3.1 Demonstrate ethical, legal, and safe use of information in print, media, and online resources:
 
a. Demonstrate respect for intellectual property, copyright restrictions, fair use, and public-performance rights when downloading or duplicating media.
b. Understand the differences between quoting, summarizing, and paraphrasing and apply these skills to one’s own work.
c. Use appropriate conventions for documentation in the text, footnotes, references,
and bibliographies by adhering to an acceptable format.
d. Recognize and protect the private information of oneself and others.
e. Describe safe online shopping practices.
f. Describe the implications of criminal activities (e.g., generating viruses, hacking, identity theft, accessing illegal images).
g. Use materials, equipment, and facilities responsibly and independently.
h. Describe the privileges and responsibilities outlined in the school’s (or school district’s) Internet acceptable-use policy.
i. Practice strategies to protect digital devices (e.g., antivirus software, secure connections, encryption, operating-system updates).
j. Define and defend the need for intellectual freedom.
 
3.2 Draw conclusions and make informed decisions:
 
a. Analyze information from multiple sources and identify complexities, discrepancies, and different perspectives of sources.
 
3.3 Use information and technology creatively to answer a question, solve a problem, or enrich understanding:
 
a. Explain how meaning is conveyed in image and sound and recognize that many media messages are constructed to generate profit, influence viewers, or both.
b. Analyze design elements of various kinds of media productions and identify media messages that have embedded points of view.
c. Identify capabilities and limitations of tools for organizing and using information.
d. Produce media efficiently and appropriately to communicate a message to an audience.
e. Design experiments, surveys, and interviews, individually or in a group as needed,
to investigate research questions.
f. Analyze and interpret results of experiments, surveys, and interviews, using quantitative and qualitative methods.

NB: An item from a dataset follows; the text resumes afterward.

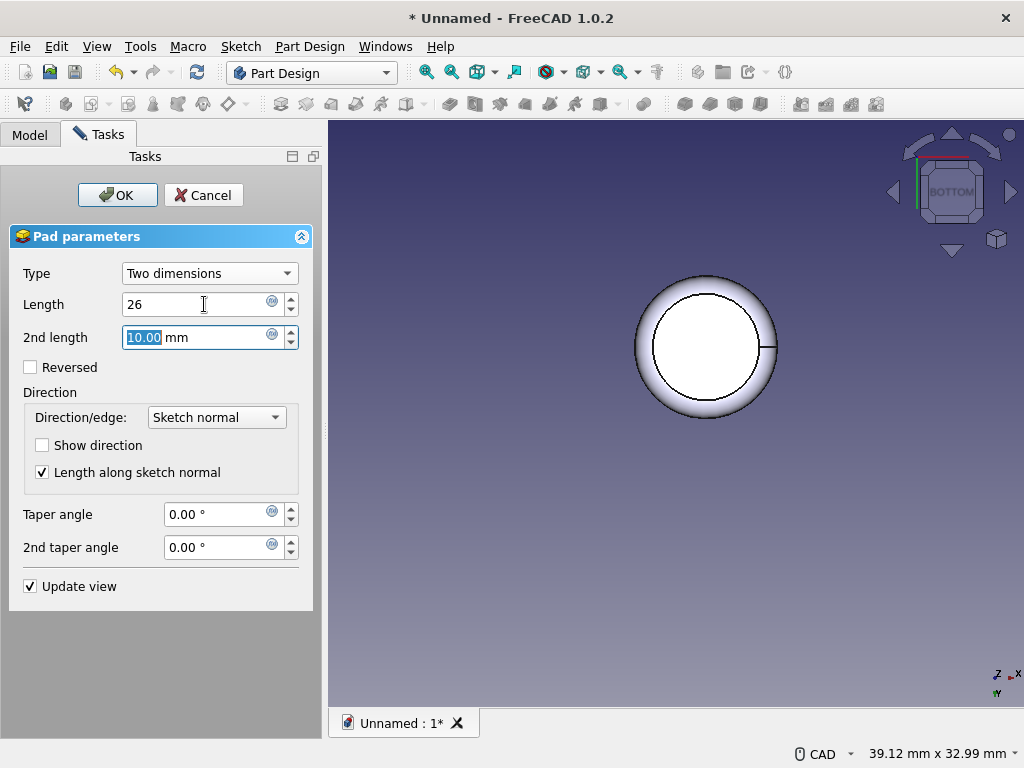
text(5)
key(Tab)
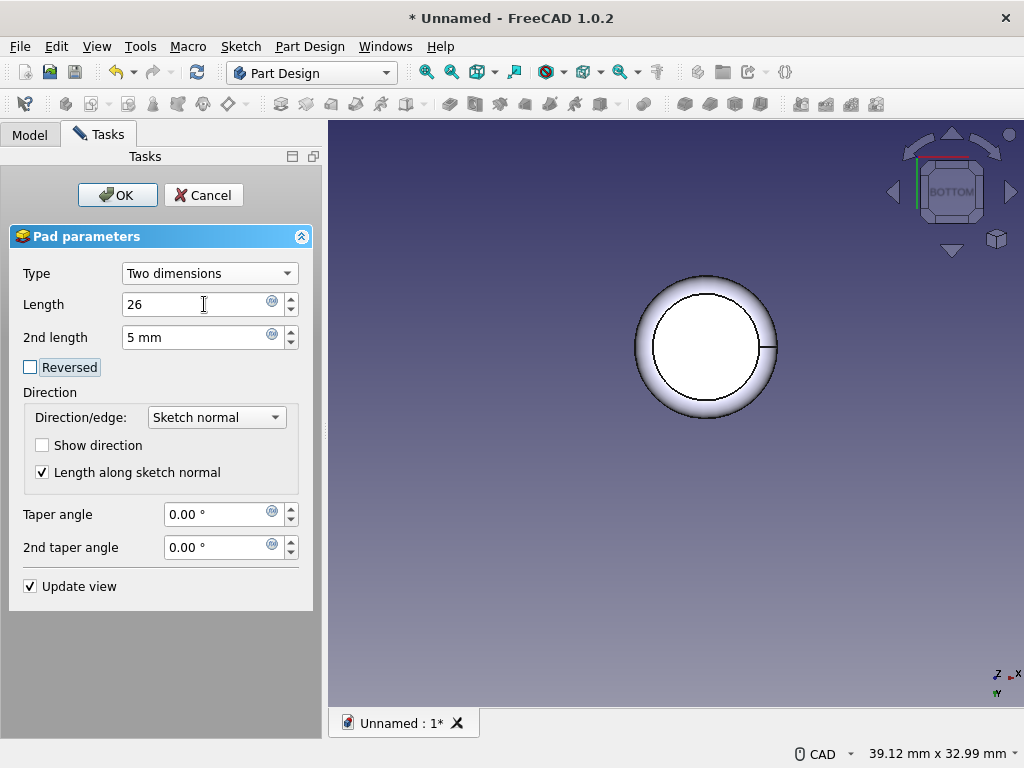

g. Be aware of the impact of personal bias when interpreting information.
h. Draw clear and appropriate conclusions supported by evidence and examples.
i. Use common organizational patterns, such as logic, analogy, compare and contrast, problem and solution, cause and effect, to inform or persuade.
j. Construct and test hypotheses; collect, evaluate, and employ information from multiple primary and secondary sources; and apply it in oral and written presentations, using appropriate citations.
 
Standard 4. Students integrate information literacy skills into all areas of learning.
 
The student will independently pursue information to become a lifelong learner.
 
4.1 Read widely and use various media for information, personal interest, and lifelong learning:
 
a. Independently read two million words annually, including a wide variety of classic and contemporary literature, magazines, newspapers, and online information.
b. Demonstrate competence and self-motivation in reading, listening, and viewing information.
c. Develop strategies to focus on personal learning.
d. Demonstrate personal responsibility for lifelong learning.
e. Select information on a topic of interest.
 
4.2 Seek, produce, and share information:
 
a. Locate information independently to satisfy curiosity.
b. Contribute actively to the learning community, and participate in groups to pursue and generate information.
c. Demonstrate and advocate legal and ethical behavior among peers, family members, and their communities when using information resources and technology.
d. Use technology to communicate, share information, and collaborate with others
with the same interests.
e. Organize personal digital information by using metadata, key words, and tags.
 
4.3 Appreciate and respond to creative expressions of information:
 
a. Read and listen to a range of literary and other creative forms of expression
(e.g., poetry, drama, film, literature, visual arts).
b. Monitor one’s own progress in seeking and handling information, and adapt as necessary.